Leo allowed a rare smirk to cross his face. "You'll find out soon enough."

He immediately switched his channel back to Lexi. She was already in transit, moving at breakneck speed. "I've locked the coordinates to your HUD, Lexi. The vanguard is falling apart out there. Get in there and show them exactly what we've been working on."

Several grueling minutes passed on the battlefield. The Titronz were backed against the edge of the harbor, the Outliers closing in for the final strike. Volt's hands were glowing with a blinding charge. Aftershock was raising his fists for a finishing blow. Alex's vision was tunneling, his feral side screaming to be unleashed—precision be damned.

Then, the atmosphere shifted.

Through the thick, swirling fog of the harbor, a new silhouette materialized, cast long and imposing by the flickering, broken dock lights. It wasn't the clunky, mechanical bulk of a reinforcement drone, but the sleek, lethal outline of a hunter stepping seamlessly into the warzone.
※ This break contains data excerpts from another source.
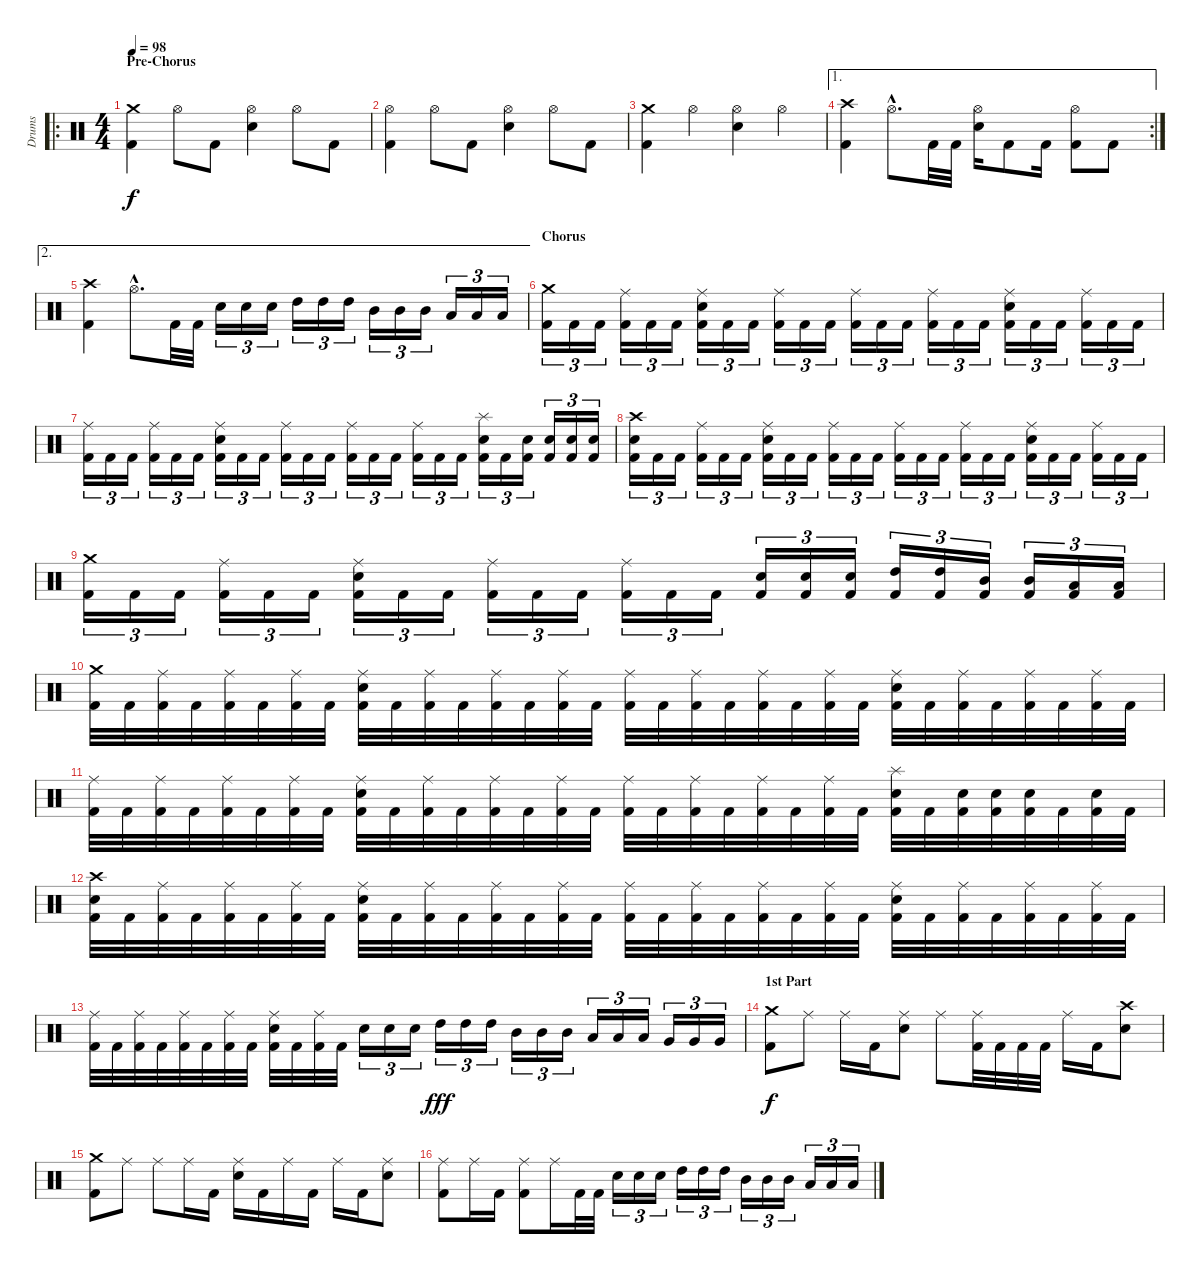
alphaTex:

\track ("Drums" "Drums") {instrument percussion}
\staff {score}
\articulation defaults
\ro
\ts (4 4)
\section ("" "Pre-Chorus")
\tempo 98
\clef neutral
\ks c
("Kick (hit) 2" "Crash medium (hit)").4{dy f} "Hi-Hat (open)".8 "Kick (hit) 2".8 ("Electric Snare (hit)" "Hi-Hat (open)").4 "Hi-Hat (open)".8 "Kick (hit) 2".8 |
("Kick (hit) 2" "Hi-Hat (open)").4 "Hi-Hat (open)".8 "Kick (hit) 2".8 ("Electric Snare (hit)" "Hi-Hat (open)").4 "Hi-Hat (open)".8 "Kick (hit) 2".8 |
("Kick (hit) 2" "Crash medium (hit)").4 "Hi-Hat (open)".4 ("Electric Snare (hit)" "Hi-Hat (open)").4 "Hi-Hat (open)".4 |
\ae 1
\rc 2
("Kick (hit) 2" "Crash high (hit)").4 "Hi-Hat (open)"{hac}.8{d} "Kick (hit) 2".32 "Kick (hit) 2".32 ("Electric Snare (hit)" "Hi-Hat (open)").16 "Kick (hit) 2".8 "Kick (hit) 2".16 ("Kick (hit) 2" "Hi-Hat (open)").8 "Kick (hit) 2".8 |
\ae 2
("Kick (hit) 2" "Crash high (hit)").4 "Hi-Hat (open)"{hac}.8{d} "Kick (hit) 2".32 "Kick (hit) 2".32 "Electric Snare (hit)".16{tu (3 2)} "Electric Snare (hit)".16{tu (3 2)} "Electric Snare (hit)".16{tu (3 2)} "High Tom (hit)".16{tu (3 2)} "High Tom (hit)".16{tu (3 2)} "High Tom (hit)".16{tu (3 2)} "Mid Tom (hit)".16{tu (3 2)} "Mid Tom (hit)".16{tu (3 2)} "Mid Tom (hit)".16{tu (3 2)} "Low Tom (hit)".16{tu (3 2)} "Low Tom (hit)".16{tu (3 2)} "Low Tom (hit)".16{tu (3 2)} |
\section ("" "Chorus")
("Kick (hit) 2" "Crash medium (hit)").16{tu (3 2)} "Kick (hit) 2".16{tu (3 2)} "Kick (hit) 2".16{tu (3 2)} ("Kick (hit) 2" "Ride (middle)").16{tu (3 2)} "Kick (hit) 2".16{tu (3 2)} "Kick (hit) 2".16{tu (3 2)} ("Kick (hit) 2" "Electric Snare (hit)" "Ride (middle)").16{tu (3 2)} "Kick (hit) 2".16{tu (3 2)} "Kick (hit) 2".16{tu (3 2)} ("Kick (hit) 2" "Ride (middle)").16{tu (3 2)} "Kick (hit) 2".16{tu (3 2)} "Kick (hit) 2".16{tu (3 2)} ("Kick (hit) 2" "Ride (middle)").16{tu (3 2)} "Kick (hit) 2".16{tu (3 2)} "Kick (hit) 2".16{tu (3 2)} ("Kick (hit) 2" "Ride (middle)").16{tu (3 2)} "Kick (hit) 2".16{tu (3 2)} "Kick (hit) 2".16{tu (3 2)} ("Kick (hit) 2" "Electric Snare (hit)" "Ride (middle)").16{tu (3 2)} "Kick (hit) 2".16{tu (3 2)} "Kick (hit) 2".16{tu (3 2)} ("Kick (hit) 2" "Ride (middle)").16{tu (3 2)} "Kick (hit) 2".16{tu (3 2)} "Kick (hit) 2".16{tu (3 2)} |
("Kick (hit) 2" "Ride (middle)").16{tu (3 2)} "Kick (hit) 2".16{tu (3 2)} "Kick (hit) 2".16{tu (3 2)} ("Kick (hit) 2" "Ride (middle)").16{tu (3 2)} "Kick (hit) 2".16{tu (3 2)} "Kick (hit) 2".16{tu (3 2)} ("Kick (hit) 2" "Electric Snare (hit)" "Ride (middle)").16{tu (3 2)} "Kick (hit) 2".16{tu (3 2)} "Kick (hit) 2".16{tu (3 2)} ("Kick (hit) 2" "Ride (middle)").16{tu (3 2)} "Kick (hit) 2".16{tu (3 2)} "Kick (hit) 2".16{tu (3 2)} ("Kick (hit) 2" "Ride (middle)").16{tu (3 2)} "Kick (hit) 2".16{tu (3 2)} "Kick (hit) 2".16{tu (3 2)} ("Kick (hit) 2" "Ride (middle)").16{tu (3 2)} "Kick (hit) 2".16{tu (3 2)} "Kick (hit) 2".16{tu (3 2)} ("Kick (hit) 2" "Electric Snare (hit)" "Splash (hit)").16{tu (3 2)} "Kick (hit) 2".16{tu (3 2)} ("Kick (hit) 2" "Electric Snare (hit)").16{tu (3 2)} ("Kick (hit) 2" "Electric Snare (hit)").16{tu (3 2)} ("Kick (hit) 2" "Electric Snare (hit)").16{tu (3 2)} ("Kick (hit) 2" "Electric Snare (hit)").16{tu (3 2)} |
("Kick (hit) 2" "Electric Snare (hit)" "Crash high (hit)").16{tu (3 2)} "Kick (hit) 2".16{tu (3 2)} "Kick (hit) 2".16{tu (3 2)} ("Kick (hit) 2" "Ride (middle)").16{tu (3 2)} "Kick (hit) 2".16{tu (3 2)} "Kick (hit) 2".16{tu (3 2)} ("Kick (hit) 2" "Electric Snare (hit)" "Ride (middle)").16{tu (3 2)} "Kick (hit) 2".16{tu (3 2)} "Kick (hit) 2".16{tu (3 2)} ("Kick (hit) 2" "Ride (middle)").16{tu (3 2)} "Kick (hit) 2".16{tu (3 2)} "Kick (hit) 2".16{tu (3 2)} ("Kick (hit) 2" "Ride (middle)").16{tu (3 2)} "Kick (hit) 2".16{tu (3 2)} "Kick (hit) 2".16{tu (3 2)} ("Kick (hit) 2" "Ride (middle)").16{tu (3 2)} "Kick (hit) 2".16{tu (3 2)} "Kick (hit) 2".16{tu (3 2)} ("Kick (hit) 2" "Electric Snare (hit)" "Ride (middle)").16{tu (3 2)} "Kick (hit) 2".16{tu (3 2)} "Kick (hit) 2".16{tu (3 2)} ("Kick (hit) 2" "Ride (middle)").16{tu (3 2)} "Kick (hit) 2".16{tu (3 2)} "Kick (hit) 2".16{tu (3 2)} |
("Kick (hit) 2" "Crash medium (hit)").16{tu (3 2)} "Kick (hit) 2".16{tu (3 2)} "Kick (hit) 2".16{tu (3 2)} ("Kick (hit) 2" "Ride (middle)").16{tu (3 2)} "Kick (hit) 2".16{tu (3 2)} "Kick (hit) 2".16{tu (3 2)} ("Kick (hit) 2" "Electric Snare (hit)" "Ride (middle)").16{tu (3 2)} "Kick (hit) 2".16{tu (3 2)} "Kick (hit) 2".16{tu (3 2)} ("Kick (hit) 2" "Ride (middle)").16{tu (3 2)} "Kick (hit) 2".16{tu (3 2)} "Kick (hit) 2".16{tu (3 2)} ("Kick (hit) 2" "Ride (middle)").16{tu (3 2)} "Kick (hit) 2".16{tu (3 2)} "Kick (hit) 2".16{tu (3 2)} ("Kick (hit) 2" "Electric Snare (hit)").16{tu (3 2)} ("Kick (hit) 2" "Electric Snare (hit)").16{tu (3 2)} ("Kick (hit) 2" "Electric Snare (hit)").16{tu (3 2)} ("Kick (hit) 2" "High Tom (hit)").16{tu (3 2)} ("Kick (hit) 2" "High Tom (hit)").16{tu (3 2)} ("Kick (hit) 2" "Mid Tom (hit)").16{tu (3 2)} ("Kick (hit) 2" "Mid Tom (hit)").16{tu (3 2)} ("Kick (hit) 2" "Low Tom (hit)").16{tu (3 2)} ("Kick (hit) 2" "Low Tom (hit)").16{tu (3 2)} |
("Kick (hit) 2" "Crash medium (hit)").32 "Kick (hit) 2".32 ("Kick (hit) 2" "Ride (middle)").32 "Kick (hit) 2".32 ("Kick (hit) 2" "Ride (middle)").32 "Kick (hit) 2".32 ("Kick (hit) 2" "Ride (middle)").32 "Kick (hit) 2".32 ("Kick (hit) 2" "Electric Snare (hit)" "Ride (middle)").32 "Kick (hit) 2".32 ("Kick (hit) 2" "Ride (middle)").32 "Kick (hit) 2".32 ("Kick (hit) 2" "Ride (middle)").32 "Kick (hit) 2".32 ("Kick (hit) 2" "Ride (middle)").32 "Kick (hit) 2".32 ("Kick (hit) 2" "Ride (middle)").32 "Kick (hit) 2".32 ("Kick (hit) 2" "Ride (middle)").32 "Kick (hit) 2".32 ("Kick (hit) 2" "Ride (middle)").32 "Kick (hit) 2".32 ("Kick (hit) 2" "Ride (middle)").32 "Kick (hit) 2".32 ("Kick (hit) 2" "Electric Snare (hit)" "Ride (middle)").32 "Kick (hit) 2".32 ("Kick (hit) 2" "Ride (middle)").32 "Kick (hit) 2".32 ("Kick (hit) 2" "Ride (middle)").32 "Kick (hit) 2".32 ("Kick (hit) 2" "Ride (middle)").32 "Kick (hit) 2".32 |
("Kick (hit) 2" "Ride (middle)").32 "Kick (hit) 2".32 ("Kick (hit) 2" "Ride (middle)").32 "Kick (hit) 2".32 ("Kick (hit) 2" "Ride (middle)").32 "Kick (hit) 2".32 ("Kick (hit) 2" "Ride (middle)").32 "Kick (hit) 2".32 ("Kick (hit) 2" "Electric Snare (hit)" "Ride (middle)").32 "Kick (hit) 2".32 ("Kick (hit) 2" "Ride (middle)").32 "Kick (hit) 2".32 ("Kick (hit) 2" "Ride (middle)").32 "Kick (hit) 2".32 ("Kick (hit) 2" "Ride (middle)").32 "Kick (hit) 2".32 ("Kick (hit) 2" "Ride (middle)").32 "Kick (hit) 2".32 ("Kick (hit) 2" "Ride (middle)").32 "Kick (hit) 2".32 ("Kick (hit) 2" "Ride (middle)").32 "Kick (hit) 2".32 ("Kick (hit) 2" "Ride (middle)").32 "Kick (hit) 2".32 ("Kick (hit) 2" "Electric Snare (hit)" "Splash (hit)").32 "Kick (hit) 2".32 ("Kick (hit) 2" "Electric Snare (hit)").32 ("Kick (hit) 2" "Electric Snare (hit)").32 ("Kick (hit) 2" "Electric Snare (hit)").32 "Kick (hit) 2".32 ("Kick (hit) 2" "Electric Snare (hit)").32 "Kick (hit) 2".32 |
("Kick (hit) 2" "Electric Snare (hit)" "Crash high (hit)").32 "Kick (hit) 2".32 ("Kick (hit) 2" "Ride (middle)").32 "Kick (hit) 2".32 ("Kick (hit) 2" "Ride (middle)").32 "Kick (hit) 2".32 ("Kick (hit) 2" "Ride (middle)").32 "Kick (hit) 2".32 ("Kick (hit) 2" "Electric Snare (hit)" "Ride (middle)").32 "Kick (hit) 2".32 ("Kick (hit) 2" "Ride (middle)").32 "Kick (hit) 2".32 ("Kick (hit) 2" "Ride (middle)").32 "Kick (hit) 2".32 ("Kick (hit) 2" "Ride (middle)").32 "Kick (hit) 2".32 ("Kick (hit) 2" "Ride (middle)").32 "Kick (hit) 2".32 ("Kick (hit) 2" "Ride (middle)").32 "Kick (hit) 2".32 ("Kick (hit) 2" "Ride (middle)").32 "Kick (hit) 2".32 ("Kick (hit) 2" "Ride (middle)").32 "Kick (hit) 2".32 ("Kick (hit) 2" "Electric Snare (hit)" "Ride (middle)").32 "Kick (hit) 2".32 ("Kick (hit) 2" "Ride (middle)").32 "Kick (hit) 2".32 ("Kick (hit) 2" "Ride (middle)").32 "Kick (hit) 2".32 ("Kick (hit) 2" "Ride (middle)").32 "Kick (hit) 2".32 |
("Kick (hit) 2" "Ride (middle)").32 "Kick (hit) 2".32 ("Kick (hit) 2" "Ride (middle)").32 "Kick (hit) 2".32 ("Kick (hit) 2" "Ride (middle)").32 "Kick (hit) 2".32 ("Kick (hit) 2" "Ride (middle)").32 "Kick (hit) 2".32 ("Kick (hit) 2" "Electric Snare (hit)" "Ride (middle)").32 "Kick (hit) 2".32 ("Kick (hit) 2" "Ride (middle)").32 "Kick (hit) 2".32 "Electric Snare (hit)".16{tu (3 2)} "Electric Snare (hit)".16{tu (3 2)} "Electric Snare (hit)".16{tu (3 2)} "High Tom (hit)".16{tu (3 2) dy fff} "High Tom (hit)".16{tu (3 2)} "High Tom (hit)".16{tu (3 2)} "Mid Tom (hit)".16{tu (3 2)} "Mid Tom (hit)".16{tu (3 2)} "Mid Tom (hit)".16{tu (3 2)} "Low Tom (hit)".16{tu (3 2)} "Low Tom (hit)".16{tu (3 2)} "Low Tom (hit)".16{tu (3 2)} "Very Low Tom (hit)".16{tu (3 2)} "Very Low Tom (hit)".16{tu (3 2)} "Very Low Tom (hit)".16{tu (3 2)} |
\section ("" "1st Part")
("Kick (hit) 2" "Crash medium (hit)").8{dy f} "Ride (middle)".8 "Ride (middle)".16 "Kick (hit) 2".16 ("Electric Snare (hit)" "Ride (middle)").8 "Ride (middle)".8 ("Kick (hit) 2" "Ride (middle)").32 "Kick (hit) 2".32 "Kick (hit) 2".32 "Kick (hit) 2".32 "Ride (middle)".16 "Kick (hit) 2".16 ("Electric Snare (hit)" "Crash high (hit)").8 |
("Kick (hit) 2" "Crash medium (hit)").8 "Ride (middle)".8 "Ride (middle)".8 "Ride (middle)".16 "Kick (hit) 2".16 ("Electric Snare (hit)" "Ride (middle)").16 "Kick (hit) 2".16 "Ride (middle)".16 "Kick (hit) 2".16 "Ride (middle)".16 "Kick (hit) 2".16 ("Electric Snare (hit)" "Ride (middle)").8 |
("Kick (hit) 2" "Ride (middle)").8 "Ride (middle)".16 "Kick (hit) 2".16 ("Kick (hit) 2" "Ride (middle)").8 "Ride (middle)".16 "Kick (hit) 2".32 "Kick (hit) 2".32 "Electric Snare (hit)".16{tu (3 2)} "Electric Snare (hit)".16{tu (3 2)} "Electric Snare (hit)".16{tu (3 2)} "High Tom (hit)".16{tu (3 2)} "High Tom (hit)".16{tu (3 2)} "High Tom (hit)".16{tu (3 2)} "Mid Tom (hit)".16{tu (3 2)} "Mid Tom (hit)".16{tu (3 2)} "Mid Tom (hit)".16{tu (3 2)} "Low Tom (hit)".16{tu (3 2)} "Low Tom (hit)".16{tu (3 2)} "Low Tom (hit)".16{tu (3 2)}

She was the backup they never saw coming, radiating a quiet, dangerous strength that made even the Outliers pause.

Cyril, hovering low with a damaged wing, caught the movement. "Guys... look."

Stan peeked out from behind his shredded cover, eyes widening. "Well... it's a she, alright."

The fog parted, and she stepped out into the pale moonlight. The team finally got a clear look at the armored, imposing presence of the girl who had just shifted the odds of the entire war.

Emma lowered her hands, her jaw dropping slightly. "Whoa..."

Stan let out a breathless laugh. "No way..."

Even Cyril exhaled sharp disbelief. Only Alex remained perfectly quiet, his eyes narrowing as he assessed the newest, most dangerous piece on the board.